Aristotle and the Lyceum


Aristotle returned to Athens in 335 B.C. As an alien, he couldn’t own property, so he rented space in
the Lyceum, a former wrestling school outside the city. Like Plato’s Academy, the Lyceum attracted
students from throughout the Greek world and developed a curriculum centered on its founder’s
teachings. In accordance with Aristotle’s principle of surveying the writings of others as part of the
philosophical process, the Lyceum assembled a collection of manuscripts that comprised one of the
world’s first great libraries.

Association with men of the ruling classes


Like his teacher Plato, Aristotle has kept his association with men of the ruling classes. In 343, upon
the request of Philip, the king of Macedon, Aristotle left Lesbos for Pella, the Macedonian capital, in
order to tutor the king’s thirteen-year-old son, Alexander—the boy who was eventually to become
Alexander the Great.

● Hermias between 347-344 BC, with Alexander between 342 and 323 BC and with Antipater
after Alexander's death in 323 BC.
● Such an association with rulers helped Aristotle's penetrating eyes to see the public affairs
governed more closely.

Family
His father, Nicomachus was a physician at the court of Amyntas II. A longer part of his boyhood was
spent at Pella, the royal seat of Macedonia. Because of his descent from a medical family, it can well
be imagined that Aristotle must have read medicine, and must have developed his interest in
physical sciences, particularly biology.

Importance of Aristotle’s Political Philosophy


Everyone is born either a Platoilist or an Aristotelian
Aristotle's relationship to Plato was similar to J.S. Mill's relationship to Bentham as both Aristotle
and Mill repudiated major portions of the teachings of their master-Plato and Bentham respectively.

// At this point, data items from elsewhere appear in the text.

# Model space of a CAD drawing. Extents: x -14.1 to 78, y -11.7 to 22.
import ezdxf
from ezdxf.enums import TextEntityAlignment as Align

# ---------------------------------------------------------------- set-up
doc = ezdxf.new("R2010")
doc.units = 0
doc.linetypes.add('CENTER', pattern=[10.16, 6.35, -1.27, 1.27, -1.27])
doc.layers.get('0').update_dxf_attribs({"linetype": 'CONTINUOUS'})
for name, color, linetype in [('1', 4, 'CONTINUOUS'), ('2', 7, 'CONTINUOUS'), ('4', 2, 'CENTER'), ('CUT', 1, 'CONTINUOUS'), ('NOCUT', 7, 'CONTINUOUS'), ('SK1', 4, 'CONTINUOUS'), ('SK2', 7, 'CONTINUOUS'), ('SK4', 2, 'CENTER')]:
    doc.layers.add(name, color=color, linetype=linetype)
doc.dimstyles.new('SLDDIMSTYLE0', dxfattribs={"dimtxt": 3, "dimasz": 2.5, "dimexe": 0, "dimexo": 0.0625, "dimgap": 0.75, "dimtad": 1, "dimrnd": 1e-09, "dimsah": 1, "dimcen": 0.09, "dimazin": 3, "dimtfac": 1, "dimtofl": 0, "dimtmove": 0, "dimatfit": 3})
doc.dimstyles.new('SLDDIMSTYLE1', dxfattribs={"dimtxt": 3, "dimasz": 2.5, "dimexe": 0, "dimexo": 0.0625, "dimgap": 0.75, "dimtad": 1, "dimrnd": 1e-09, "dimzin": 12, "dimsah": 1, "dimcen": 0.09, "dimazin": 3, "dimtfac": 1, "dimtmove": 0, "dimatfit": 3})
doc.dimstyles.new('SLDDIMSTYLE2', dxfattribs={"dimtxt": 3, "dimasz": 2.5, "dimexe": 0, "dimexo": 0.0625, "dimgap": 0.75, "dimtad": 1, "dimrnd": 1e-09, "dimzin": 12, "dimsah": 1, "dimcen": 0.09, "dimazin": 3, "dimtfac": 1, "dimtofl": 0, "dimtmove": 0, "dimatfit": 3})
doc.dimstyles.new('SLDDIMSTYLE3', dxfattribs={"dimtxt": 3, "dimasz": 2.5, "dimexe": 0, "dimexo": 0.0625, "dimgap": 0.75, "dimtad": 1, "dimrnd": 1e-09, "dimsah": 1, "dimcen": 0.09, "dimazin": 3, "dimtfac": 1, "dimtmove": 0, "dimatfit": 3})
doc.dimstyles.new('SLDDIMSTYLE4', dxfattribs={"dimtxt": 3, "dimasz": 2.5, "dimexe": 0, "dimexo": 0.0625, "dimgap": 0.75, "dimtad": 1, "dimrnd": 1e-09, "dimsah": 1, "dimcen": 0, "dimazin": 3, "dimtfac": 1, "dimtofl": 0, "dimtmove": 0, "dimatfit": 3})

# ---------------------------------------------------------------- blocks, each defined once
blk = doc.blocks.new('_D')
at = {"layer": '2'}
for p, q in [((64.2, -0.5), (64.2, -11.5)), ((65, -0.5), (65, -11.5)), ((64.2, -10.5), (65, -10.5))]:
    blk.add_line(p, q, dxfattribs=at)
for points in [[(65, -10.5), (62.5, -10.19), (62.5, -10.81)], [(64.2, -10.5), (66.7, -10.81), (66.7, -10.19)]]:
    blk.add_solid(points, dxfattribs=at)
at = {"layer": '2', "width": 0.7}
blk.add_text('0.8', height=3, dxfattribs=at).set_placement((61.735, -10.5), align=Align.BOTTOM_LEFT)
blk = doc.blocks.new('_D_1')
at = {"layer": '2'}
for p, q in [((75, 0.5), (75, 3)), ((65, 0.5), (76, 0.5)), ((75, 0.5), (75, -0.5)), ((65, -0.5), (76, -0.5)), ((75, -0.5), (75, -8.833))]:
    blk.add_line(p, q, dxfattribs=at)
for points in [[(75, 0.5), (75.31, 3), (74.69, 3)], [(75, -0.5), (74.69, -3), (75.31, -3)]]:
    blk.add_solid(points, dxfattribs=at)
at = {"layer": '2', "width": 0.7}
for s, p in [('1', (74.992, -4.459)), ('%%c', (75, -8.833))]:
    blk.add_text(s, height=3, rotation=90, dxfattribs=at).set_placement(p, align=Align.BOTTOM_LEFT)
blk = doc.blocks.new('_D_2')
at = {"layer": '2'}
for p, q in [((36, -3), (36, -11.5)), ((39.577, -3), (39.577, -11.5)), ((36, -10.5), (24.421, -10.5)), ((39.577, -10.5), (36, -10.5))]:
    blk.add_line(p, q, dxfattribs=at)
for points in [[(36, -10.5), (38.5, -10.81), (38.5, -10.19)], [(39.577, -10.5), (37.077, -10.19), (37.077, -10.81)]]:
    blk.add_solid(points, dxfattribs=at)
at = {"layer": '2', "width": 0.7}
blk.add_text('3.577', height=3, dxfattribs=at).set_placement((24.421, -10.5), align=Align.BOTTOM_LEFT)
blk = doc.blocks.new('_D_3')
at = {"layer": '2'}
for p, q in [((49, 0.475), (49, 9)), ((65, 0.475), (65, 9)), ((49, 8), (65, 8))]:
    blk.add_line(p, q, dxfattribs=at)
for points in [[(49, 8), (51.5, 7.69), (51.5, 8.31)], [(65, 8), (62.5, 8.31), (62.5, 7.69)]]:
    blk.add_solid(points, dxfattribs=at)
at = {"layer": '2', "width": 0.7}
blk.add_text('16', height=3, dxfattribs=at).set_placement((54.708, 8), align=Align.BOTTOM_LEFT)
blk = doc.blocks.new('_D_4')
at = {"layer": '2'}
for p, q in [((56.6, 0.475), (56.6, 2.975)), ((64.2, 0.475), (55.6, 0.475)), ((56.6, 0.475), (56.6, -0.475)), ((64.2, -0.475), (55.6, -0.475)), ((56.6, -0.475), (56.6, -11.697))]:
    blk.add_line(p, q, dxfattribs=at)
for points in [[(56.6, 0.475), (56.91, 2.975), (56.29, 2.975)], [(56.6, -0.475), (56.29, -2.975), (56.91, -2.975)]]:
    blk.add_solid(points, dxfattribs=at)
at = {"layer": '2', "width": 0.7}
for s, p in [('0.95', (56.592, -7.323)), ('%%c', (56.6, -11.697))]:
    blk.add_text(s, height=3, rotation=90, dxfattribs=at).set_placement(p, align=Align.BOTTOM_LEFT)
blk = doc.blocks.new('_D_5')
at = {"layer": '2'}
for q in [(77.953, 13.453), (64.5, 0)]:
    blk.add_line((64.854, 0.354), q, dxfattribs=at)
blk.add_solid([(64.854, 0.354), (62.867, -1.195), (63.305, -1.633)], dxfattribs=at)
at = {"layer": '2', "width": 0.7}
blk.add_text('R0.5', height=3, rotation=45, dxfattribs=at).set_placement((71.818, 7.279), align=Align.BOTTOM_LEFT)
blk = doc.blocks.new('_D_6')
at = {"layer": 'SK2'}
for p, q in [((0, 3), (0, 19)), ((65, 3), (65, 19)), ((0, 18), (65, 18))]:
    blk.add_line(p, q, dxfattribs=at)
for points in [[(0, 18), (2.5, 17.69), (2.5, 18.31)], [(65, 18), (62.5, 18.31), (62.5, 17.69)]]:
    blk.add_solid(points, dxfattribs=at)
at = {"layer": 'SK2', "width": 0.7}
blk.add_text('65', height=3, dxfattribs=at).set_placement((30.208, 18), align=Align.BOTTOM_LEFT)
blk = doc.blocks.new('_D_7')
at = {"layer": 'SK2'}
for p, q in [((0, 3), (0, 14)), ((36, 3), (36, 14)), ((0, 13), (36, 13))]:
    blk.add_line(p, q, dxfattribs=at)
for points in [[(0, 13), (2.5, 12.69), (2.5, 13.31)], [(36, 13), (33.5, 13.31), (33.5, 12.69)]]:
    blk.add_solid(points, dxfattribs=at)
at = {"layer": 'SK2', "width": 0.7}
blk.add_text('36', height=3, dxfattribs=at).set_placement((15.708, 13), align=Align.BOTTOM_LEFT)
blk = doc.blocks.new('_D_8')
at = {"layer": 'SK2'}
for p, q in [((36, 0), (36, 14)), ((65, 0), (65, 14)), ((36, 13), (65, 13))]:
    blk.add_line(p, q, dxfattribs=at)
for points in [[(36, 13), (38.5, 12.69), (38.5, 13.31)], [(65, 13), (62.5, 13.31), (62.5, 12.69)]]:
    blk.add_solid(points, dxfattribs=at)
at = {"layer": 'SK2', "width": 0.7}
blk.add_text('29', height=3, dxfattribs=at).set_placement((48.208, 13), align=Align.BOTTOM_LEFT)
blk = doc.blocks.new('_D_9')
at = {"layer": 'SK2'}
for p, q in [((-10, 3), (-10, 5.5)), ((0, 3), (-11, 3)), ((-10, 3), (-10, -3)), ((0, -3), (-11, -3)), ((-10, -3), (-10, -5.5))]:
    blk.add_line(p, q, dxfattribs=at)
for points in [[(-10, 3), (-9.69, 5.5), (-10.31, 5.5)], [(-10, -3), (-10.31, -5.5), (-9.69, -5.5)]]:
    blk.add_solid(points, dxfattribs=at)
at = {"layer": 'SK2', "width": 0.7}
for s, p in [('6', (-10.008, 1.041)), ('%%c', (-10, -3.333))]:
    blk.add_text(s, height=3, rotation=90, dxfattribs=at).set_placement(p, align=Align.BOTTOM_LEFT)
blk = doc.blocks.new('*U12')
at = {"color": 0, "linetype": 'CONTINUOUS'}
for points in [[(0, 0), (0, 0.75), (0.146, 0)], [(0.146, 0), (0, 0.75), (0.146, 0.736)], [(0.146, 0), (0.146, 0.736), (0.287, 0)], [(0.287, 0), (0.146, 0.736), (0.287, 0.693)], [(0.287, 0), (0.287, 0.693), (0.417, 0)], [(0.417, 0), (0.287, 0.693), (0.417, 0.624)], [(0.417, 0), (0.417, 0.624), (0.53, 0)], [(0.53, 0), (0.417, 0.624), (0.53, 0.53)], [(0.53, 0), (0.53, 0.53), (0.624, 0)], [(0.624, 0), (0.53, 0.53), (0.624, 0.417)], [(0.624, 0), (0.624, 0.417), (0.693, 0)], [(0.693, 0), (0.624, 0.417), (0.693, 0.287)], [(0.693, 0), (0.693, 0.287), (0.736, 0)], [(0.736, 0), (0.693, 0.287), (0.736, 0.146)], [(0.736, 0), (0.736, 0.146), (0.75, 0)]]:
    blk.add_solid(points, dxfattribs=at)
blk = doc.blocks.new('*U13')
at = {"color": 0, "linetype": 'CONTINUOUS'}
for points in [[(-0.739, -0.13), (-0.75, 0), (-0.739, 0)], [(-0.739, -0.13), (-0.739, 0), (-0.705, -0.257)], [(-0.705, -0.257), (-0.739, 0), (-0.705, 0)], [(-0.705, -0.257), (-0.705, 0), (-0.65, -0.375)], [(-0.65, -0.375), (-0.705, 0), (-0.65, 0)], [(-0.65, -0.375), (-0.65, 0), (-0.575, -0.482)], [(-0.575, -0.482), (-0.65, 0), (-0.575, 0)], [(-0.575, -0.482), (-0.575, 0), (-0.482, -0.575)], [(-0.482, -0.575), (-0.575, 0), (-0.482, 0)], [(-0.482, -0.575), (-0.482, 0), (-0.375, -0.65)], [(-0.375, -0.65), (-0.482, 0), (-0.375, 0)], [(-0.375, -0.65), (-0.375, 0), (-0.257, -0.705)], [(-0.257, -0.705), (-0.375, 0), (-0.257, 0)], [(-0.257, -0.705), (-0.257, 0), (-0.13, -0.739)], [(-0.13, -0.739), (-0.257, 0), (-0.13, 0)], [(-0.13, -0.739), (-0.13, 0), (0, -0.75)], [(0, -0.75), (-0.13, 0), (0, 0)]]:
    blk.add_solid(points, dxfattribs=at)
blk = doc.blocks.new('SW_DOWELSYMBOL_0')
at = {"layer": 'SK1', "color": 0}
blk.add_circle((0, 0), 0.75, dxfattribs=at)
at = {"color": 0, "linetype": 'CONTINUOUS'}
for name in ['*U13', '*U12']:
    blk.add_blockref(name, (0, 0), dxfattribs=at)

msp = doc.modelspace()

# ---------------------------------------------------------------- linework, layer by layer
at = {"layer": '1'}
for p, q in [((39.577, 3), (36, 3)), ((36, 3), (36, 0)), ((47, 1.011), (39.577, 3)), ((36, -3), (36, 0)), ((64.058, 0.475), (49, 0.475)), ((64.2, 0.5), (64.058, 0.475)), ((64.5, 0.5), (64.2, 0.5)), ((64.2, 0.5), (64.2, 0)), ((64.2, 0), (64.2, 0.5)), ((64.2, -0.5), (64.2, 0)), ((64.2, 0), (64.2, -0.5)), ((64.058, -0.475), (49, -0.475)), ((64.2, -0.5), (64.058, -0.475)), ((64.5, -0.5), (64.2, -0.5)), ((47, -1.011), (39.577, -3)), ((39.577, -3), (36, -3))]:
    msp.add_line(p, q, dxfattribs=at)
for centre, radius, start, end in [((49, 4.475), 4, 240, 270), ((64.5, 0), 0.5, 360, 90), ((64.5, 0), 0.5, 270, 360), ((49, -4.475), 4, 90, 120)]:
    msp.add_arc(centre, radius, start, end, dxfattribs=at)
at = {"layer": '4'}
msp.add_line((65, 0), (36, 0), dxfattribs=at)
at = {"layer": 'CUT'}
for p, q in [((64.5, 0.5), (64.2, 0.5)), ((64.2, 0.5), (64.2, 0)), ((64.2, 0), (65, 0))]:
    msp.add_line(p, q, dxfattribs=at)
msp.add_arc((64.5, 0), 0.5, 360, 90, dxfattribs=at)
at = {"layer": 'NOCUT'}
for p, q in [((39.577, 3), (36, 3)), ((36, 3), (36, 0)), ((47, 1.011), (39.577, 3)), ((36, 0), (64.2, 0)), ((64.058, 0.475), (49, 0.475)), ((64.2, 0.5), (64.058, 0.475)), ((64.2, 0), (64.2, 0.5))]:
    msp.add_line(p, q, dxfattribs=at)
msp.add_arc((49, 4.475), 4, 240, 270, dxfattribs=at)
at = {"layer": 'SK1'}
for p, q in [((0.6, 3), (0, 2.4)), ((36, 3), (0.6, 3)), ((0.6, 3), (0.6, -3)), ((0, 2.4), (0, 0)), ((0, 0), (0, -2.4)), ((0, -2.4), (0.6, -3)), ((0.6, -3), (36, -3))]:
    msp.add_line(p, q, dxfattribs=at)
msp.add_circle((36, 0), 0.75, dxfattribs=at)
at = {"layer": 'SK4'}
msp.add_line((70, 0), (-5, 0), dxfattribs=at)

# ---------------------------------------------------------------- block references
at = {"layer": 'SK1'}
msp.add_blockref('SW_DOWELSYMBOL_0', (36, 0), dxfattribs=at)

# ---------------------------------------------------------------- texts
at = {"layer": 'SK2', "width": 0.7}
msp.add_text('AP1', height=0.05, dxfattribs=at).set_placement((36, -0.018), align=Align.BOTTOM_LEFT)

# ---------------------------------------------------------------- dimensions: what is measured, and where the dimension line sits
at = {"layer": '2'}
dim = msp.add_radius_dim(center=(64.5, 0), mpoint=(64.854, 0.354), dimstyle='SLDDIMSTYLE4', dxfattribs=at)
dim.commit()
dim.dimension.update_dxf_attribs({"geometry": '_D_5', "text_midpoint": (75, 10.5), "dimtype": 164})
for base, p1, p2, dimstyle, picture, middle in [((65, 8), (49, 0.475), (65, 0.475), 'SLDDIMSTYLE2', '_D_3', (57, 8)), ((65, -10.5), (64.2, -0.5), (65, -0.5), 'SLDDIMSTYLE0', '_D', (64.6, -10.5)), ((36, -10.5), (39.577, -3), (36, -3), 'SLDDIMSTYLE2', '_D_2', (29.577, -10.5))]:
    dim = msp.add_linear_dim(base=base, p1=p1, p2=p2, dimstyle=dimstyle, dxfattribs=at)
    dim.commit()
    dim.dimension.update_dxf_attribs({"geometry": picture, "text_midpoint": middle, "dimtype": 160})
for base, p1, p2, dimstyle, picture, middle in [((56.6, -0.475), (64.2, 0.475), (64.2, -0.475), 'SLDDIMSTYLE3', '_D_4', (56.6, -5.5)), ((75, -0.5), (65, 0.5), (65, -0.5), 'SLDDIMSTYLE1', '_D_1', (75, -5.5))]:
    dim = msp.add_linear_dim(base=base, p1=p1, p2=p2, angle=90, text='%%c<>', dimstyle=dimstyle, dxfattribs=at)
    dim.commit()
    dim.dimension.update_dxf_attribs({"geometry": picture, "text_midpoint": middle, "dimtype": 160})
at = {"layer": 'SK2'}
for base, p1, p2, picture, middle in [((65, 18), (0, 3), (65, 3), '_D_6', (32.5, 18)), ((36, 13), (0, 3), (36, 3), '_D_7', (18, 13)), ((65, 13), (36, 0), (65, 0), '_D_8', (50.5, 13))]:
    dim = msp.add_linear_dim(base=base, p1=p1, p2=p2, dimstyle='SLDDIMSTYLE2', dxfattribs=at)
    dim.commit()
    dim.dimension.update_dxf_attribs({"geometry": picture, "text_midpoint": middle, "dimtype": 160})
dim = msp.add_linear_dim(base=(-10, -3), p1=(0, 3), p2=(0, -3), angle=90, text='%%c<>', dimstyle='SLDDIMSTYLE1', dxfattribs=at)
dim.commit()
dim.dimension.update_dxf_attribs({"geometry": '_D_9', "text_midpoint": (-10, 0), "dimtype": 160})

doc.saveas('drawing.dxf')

● This fundamental difference between Plato and Aristotle led them to initiate two great
streams of thought which constitute what is known as the Western Political Theory, From
Plato comes political idealism; and from Aristotle comes political realism.
● On this basis, it is easy to understand the comment by Coleridge, the poet, that everyone is
born either a Platoilist or an Aristotelian.

Father of Political Science


The difference between Plato and Aristotle is the difference between philosophy and science. Plato
was the father of Political Philosophy; Aristotle, the father of Political Science.

● Plato portrays an unrealisable utopia-the ideal state whereas Aristotle's concern was with
the best possible state.
● Professor Maxey rightly (Political Philosophies, 1461) says: "All who believe in new worlds
for old are the disciples of Plato; all those who believe in old worlds made new by the
tedious and toilsome use of science are disciples of Aristotle."

'The Master of Them That Know'


Aristotle, like Plato, wrote voluminously. Aristotle has written on many subjects, His admirer claimed
for him the title of 'The Master of Them That Know'. For about thousand years, according to Maxey:
"Aristotle on logic, Aristotle on mechanics, Aristotle on physics, Aristotle on physiology, Aristotle on
astronomy, Aristotle on economics, and Aristotle on politics was almost the last word.

Whatever subject he treated, he treated it well; whatever work he wrote, he made it a


master piece. His legacy, like that of his teacher Plato, was so rich that all those who claim
themselves as realists, scientists, pragmatists and utilitarian look to him as teacher, guide and
philosopher.

“Aristotle's was a flowing river of gold”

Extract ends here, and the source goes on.